E&P Plus: How do you evaluate completion designs in the current pricing environment?

Turnham: At a time where service costs are higher, you tend to look at how to cut corners. In this case, with prices being so low—and at the peak, we were probably spending more than a $100,000 per stage—we’re now less than $30,000 per stage. So we’ve gone the other direction. We have tightened our interval spacing to 100, maybe at most 125 feet per stage. And instead of just banking all of the savings from the reduction, we’re actually adding some stages, still seeing significant savings and well costs, but making better wells. If you look at our well performance versus our type curves and versus the industry, you’ll see that we’re probably as productive, if not the No. 1 productive company, per foot of lateral drilled. And it’s because we think we’ve gotten the sweet spot on how best to complete these wells.

Goodrich Petroleum has grown its gas production from 70,000 Mcfe/d in 2018 to 140,000 Mcfe/d this year. (Source: Goodrich Petroleum)
Goodrich Petroleum has grown its gas production from 70,000 Mcfe/d in 2018 to 140,000 Mcfe/d this year. (Source: Goodrich Petroleum)
E&P Plus: How do you approach your planning and activity for this type of environment—when it looks good now but considering how volatile things can be?

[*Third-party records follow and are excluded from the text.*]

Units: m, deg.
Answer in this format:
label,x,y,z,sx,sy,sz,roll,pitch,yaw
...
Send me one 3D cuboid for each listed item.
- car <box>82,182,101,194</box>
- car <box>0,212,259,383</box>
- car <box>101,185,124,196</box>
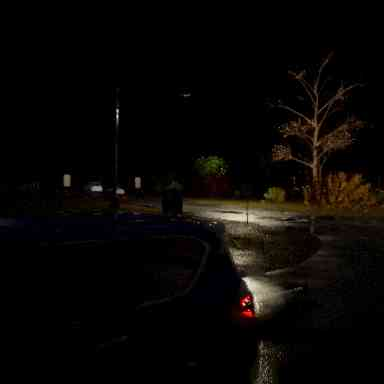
label,x,y,z,sx,sy,sz,roll,pitch,yaw
car,-17.904,-0.733,59.725,2.150,2.045,5.566,1,2,-36
car,-1.954,1.232,2.474,5.566,2.045,2.150,1,0,-35
car,-12.056,-0.106,51.584,1.812,1.442,4.674,1,2,-36
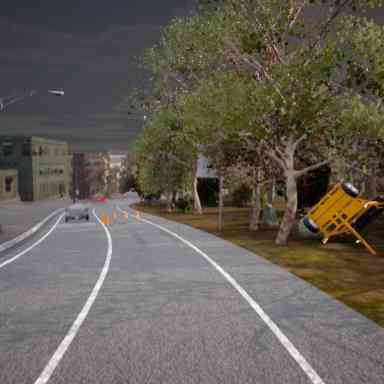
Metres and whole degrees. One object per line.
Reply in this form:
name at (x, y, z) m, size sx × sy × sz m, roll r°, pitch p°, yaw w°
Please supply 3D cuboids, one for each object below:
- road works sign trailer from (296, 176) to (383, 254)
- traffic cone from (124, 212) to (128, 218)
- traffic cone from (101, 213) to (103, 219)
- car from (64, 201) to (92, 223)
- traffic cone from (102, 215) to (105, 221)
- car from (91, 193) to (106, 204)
road works sign trailer at (6.678, 1.185, 13.369) m, size 3.560 × 2.380 × 2.880 m, roll 0°, pitch 46°, yaw -45°
traffic cone at (-5.855, 1.995, 29.505) m, size 0.340 × 0.580 × 0.340 m, roll -2°, pitch 0°, yaw -18°
traffic cone at (-6.519, 2.035, 25.093) m, size 0.340 × 0.580 × 0.340 m, roll -2°, pitch 0°, yaw -18°
car at (-9.482, 1.681, 27.498) m, size 1.812 × 1.442 × 4.674 m, roll -2°, pitch 0°, yaw -19°
traffic cone at (-5.903, 2.025, 23.192) m, size 0.340 × 0.580 × 0.340 m, roll -2°, pitch 0°, yaw -18°
car at (-18.672, 1.319, 66.539) m, size 2.150 × 2.045 × 5.566 m, roll 0°, pitch 0°, yaw -5°
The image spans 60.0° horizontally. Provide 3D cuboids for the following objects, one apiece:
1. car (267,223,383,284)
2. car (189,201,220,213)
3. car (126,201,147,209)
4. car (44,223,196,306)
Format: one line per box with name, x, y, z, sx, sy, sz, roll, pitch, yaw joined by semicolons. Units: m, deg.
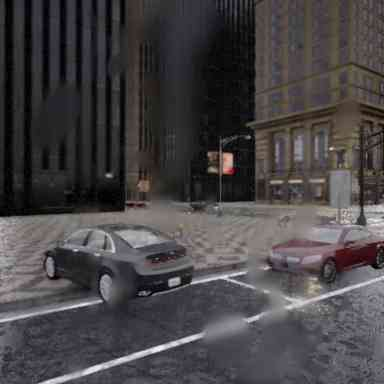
car;3.998;1.567;9.495;4.206;1.307;1.802;0;0;-35
car;1.536;1.807;41.105;2.128;1.511;4.902;0;-1;-35
car;-9.509;2.167;56.846;1.895;1.301;4.718;0;-1;-35
car;-1.835;1.384;7.470;2.008;1.369;4.403;-1;0;-45
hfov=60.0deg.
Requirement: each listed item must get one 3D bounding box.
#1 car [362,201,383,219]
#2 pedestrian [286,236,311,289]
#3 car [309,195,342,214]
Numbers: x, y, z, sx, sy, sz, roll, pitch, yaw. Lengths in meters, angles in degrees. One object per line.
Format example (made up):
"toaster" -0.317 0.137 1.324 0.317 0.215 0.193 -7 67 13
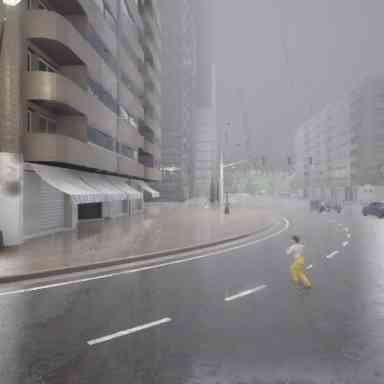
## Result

Turnham: So let’s talk about volatility and the necessity to hedge a portion of your volumes. We really believe in 40% to 70% of your projected volumes, locking in a price that gives you the insurance policy to go ahead and spend the money necessary to drill the number of wells that you want to drill. And you can’t get out ahead of yourself with long-term drilling contracts because of the volatility that you just described. Another scenario can happen. You can see better pricing or attractive prices, and therefore rig activity gets higher. Service costs start to creep up, which we would not be surprised to see. Usually anytime you see rates of return like you see on our [investor presentation] slides, that just cant last for very long, because guys are either going to put rigs to work or service costs are going to go up, such that you have good rates of return, but not exceptional rates of return.

Another thing that’s different now is just availability of capital and what investors are wanting to see. They’re not wanting to see you outspend. They want to see free cash flow, return of capital to shareholders either through dividends or pay down debt, such that the commodity prices do stay at favorable levels.

In addition to that, you have commercial banks that are becoming more conservative, [and] debt covenants are getting more conservative. So I think you throw all of that in a pot, and I think you have a recipe for better pricing [and] lower service costs.